TASK REQUIREMENTS: In the records below, the relevant part opens with the line containing "1. round machined part [146,66,230,149]" and closes with the line containing "5. small metal"; print that part exactly and only, without its pictures.

======== TASK DATA

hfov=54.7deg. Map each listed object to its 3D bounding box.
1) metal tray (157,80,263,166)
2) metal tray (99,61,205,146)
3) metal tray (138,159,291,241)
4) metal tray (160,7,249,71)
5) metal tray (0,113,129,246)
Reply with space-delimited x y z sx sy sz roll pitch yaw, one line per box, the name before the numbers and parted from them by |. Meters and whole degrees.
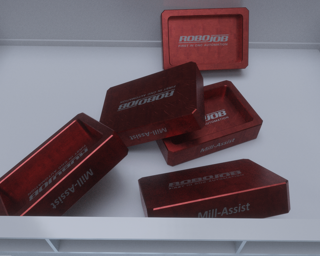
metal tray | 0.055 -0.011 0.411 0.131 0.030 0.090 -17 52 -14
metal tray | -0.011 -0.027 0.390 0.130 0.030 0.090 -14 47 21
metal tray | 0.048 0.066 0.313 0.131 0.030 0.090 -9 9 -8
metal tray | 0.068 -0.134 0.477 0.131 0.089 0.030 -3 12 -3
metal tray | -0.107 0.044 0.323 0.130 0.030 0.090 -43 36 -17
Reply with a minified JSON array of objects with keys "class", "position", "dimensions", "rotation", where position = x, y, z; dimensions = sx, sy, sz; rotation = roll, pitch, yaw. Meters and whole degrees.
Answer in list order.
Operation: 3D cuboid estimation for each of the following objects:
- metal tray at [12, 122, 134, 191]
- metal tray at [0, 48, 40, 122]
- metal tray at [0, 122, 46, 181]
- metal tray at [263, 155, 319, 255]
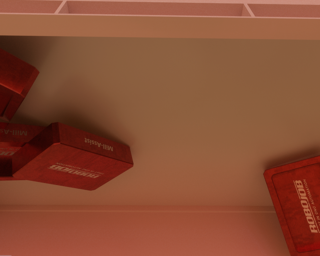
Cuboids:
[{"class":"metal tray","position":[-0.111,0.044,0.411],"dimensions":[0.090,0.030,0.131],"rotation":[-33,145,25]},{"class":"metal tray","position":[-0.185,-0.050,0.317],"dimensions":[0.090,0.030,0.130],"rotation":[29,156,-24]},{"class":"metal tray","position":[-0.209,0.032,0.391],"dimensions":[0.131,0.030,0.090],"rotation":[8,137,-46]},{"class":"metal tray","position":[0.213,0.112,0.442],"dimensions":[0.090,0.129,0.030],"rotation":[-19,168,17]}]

================
======== TASK DATA

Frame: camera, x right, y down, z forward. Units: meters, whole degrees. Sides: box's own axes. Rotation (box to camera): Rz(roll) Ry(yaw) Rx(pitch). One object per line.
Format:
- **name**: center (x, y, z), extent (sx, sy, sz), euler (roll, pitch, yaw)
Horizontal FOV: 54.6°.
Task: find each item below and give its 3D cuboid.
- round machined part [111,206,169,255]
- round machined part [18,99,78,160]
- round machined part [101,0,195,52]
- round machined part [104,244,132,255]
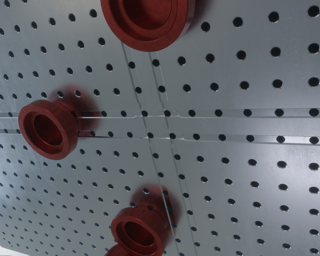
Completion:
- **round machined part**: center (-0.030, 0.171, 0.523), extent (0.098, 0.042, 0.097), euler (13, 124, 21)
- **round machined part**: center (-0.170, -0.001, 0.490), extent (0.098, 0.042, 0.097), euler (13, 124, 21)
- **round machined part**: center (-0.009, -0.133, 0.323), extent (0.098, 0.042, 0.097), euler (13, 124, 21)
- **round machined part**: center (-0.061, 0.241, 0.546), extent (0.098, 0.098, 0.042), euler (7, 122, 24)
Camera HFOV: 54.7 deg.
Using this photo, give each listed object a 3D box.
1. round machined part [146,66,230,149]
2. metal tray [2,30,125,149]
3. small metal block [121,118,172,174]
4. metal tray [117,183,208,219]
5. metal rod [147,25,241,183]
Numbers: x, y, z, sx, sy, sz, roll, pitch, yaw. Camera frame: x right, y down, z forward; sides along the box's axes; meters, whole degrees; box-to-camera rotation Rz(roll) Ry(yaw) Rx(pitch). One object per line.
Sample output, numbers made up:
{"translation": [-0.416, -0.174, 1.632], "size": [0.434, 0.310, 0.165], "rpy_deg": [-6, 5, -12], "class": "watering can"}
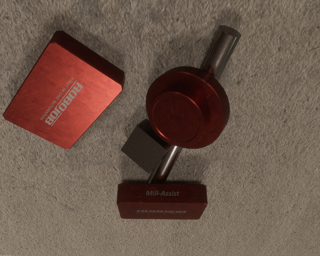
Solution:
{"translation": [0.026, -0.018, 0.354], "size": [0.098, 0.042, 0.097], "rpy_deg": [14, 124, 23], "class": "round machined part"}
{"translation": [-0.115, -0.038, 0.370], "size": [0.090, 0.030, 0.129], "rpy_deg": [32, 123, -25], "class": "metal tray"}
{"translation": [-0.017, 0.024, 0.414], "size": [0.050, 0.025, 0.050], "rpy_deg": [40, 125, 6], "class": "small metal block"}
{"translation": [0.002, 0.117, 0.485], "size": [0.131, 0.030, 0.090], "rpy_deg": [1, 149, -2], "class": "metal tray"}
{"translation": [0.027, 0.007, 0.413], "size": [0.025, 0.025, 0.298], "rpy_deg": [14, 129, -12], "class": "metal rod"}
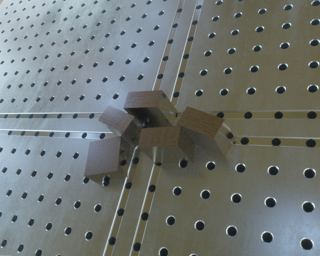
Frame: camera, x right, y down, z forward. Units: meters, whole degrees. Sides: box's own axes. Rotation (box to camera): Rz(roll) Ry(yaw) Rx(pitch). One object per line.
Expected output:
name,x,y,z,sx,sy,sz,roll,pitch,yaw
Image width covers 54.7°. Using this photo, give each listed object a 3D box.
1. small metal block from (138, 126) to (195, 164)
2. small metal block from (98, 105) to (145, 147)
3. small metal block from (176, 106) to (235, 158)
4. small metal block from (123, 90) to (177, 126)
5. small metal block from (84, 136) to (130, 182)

================
======== TASK DATA

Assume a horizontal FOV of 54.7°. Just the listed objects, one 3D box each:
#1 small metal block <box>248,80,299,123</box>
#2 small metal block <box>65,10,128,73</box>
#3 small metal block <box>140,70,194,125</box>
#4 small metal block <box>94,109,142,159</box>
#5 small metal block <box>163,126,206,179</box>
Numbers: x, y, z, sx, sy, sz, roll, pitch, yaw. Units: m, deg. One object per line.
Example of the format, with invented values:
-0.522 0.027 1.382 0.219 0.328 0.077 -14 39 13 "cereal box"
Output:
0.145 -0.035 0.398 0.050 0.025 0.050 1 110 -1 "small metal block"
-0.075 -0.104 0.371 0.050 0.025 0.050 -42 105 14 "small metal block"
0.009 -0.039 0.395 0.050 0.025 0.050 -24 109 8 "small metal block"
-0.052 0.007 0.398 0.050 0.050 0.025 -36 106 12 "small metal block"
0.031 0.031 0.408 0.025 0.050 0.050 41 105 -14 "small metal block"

================

WORKED SOLUTION:
1. round machined part [146,66,230,149]
2. metal tray [2,30,125,149]
3. small metal block [121,118,172,174]
4. metal tray [117,183,208,219]
5. metal rod [147,25,241,183]
Numbers: x, y, z, sx, sy, sz, roll, pitch, yaw. Camera frame: x right, y down, z forward; sides along the box's axes; meters, whole degrees; box-to-camera rotation Rz(roll) Ry(yaw) Rx(pitch). One object per line.
Sample output, numbers made up:
{"translation": [-0.416, -0.174, 1.632], "size": [0.434, 0.310, 0.165], "rpy_deg": [-6, 5, -12], "class": "watering can"}
Solution:
{"translation": [0.026, -0.018, 0.354], "size": [0.098, 0.042, 0.097], "rpy_deg": [14, 124, 23], "class": "round machined part"}
{"translation": [-0.115, -0.038, 0.370], "size": [0.090, 0.030, 0.129], "rpy_deg": [32, 123, -25], "class": "metal tray"}
{"translation": [-0.017, 0.024, 0.414], "size": [0.050, 0.025, 0.050], "rpy_deg": [40, 125, 6], "class": "small metal block"}
{"translation": [0.002, 0.117, 0.485], "size": [0.131, 0.030, 0.090], "rpy_deg": [1, 149, -2], "class": "metal tray"}
{"translation": [0.027, 0.007, 0.413], "size": [0.025, 0.025, 0.298], "rpy_deg": [14, 129, -12], "class": "metal rod"}
Frame: camera, x right, y down, z forward. Units: meters, whole degrees. Sides: box's own axes. Rotation (box to camera): Rz(roll) Ry(yaw) Rx(pitch). One object per line.
Expected output:
name,x,y,z,sx,sy,sz,roll,pitch,yaw
Image width covers 54.7°. Using this photo, give each listed object a 3D box.
1. small metal block from (138, 126) to (195, 164)
2. small metal block from (98, 105) to (145, 147)
3. small metal block from (176, 106) to (235, 158)
4. small metal block from (123, 90) to (177, 126)
5. small metal block from (84, 136) to (130, 182)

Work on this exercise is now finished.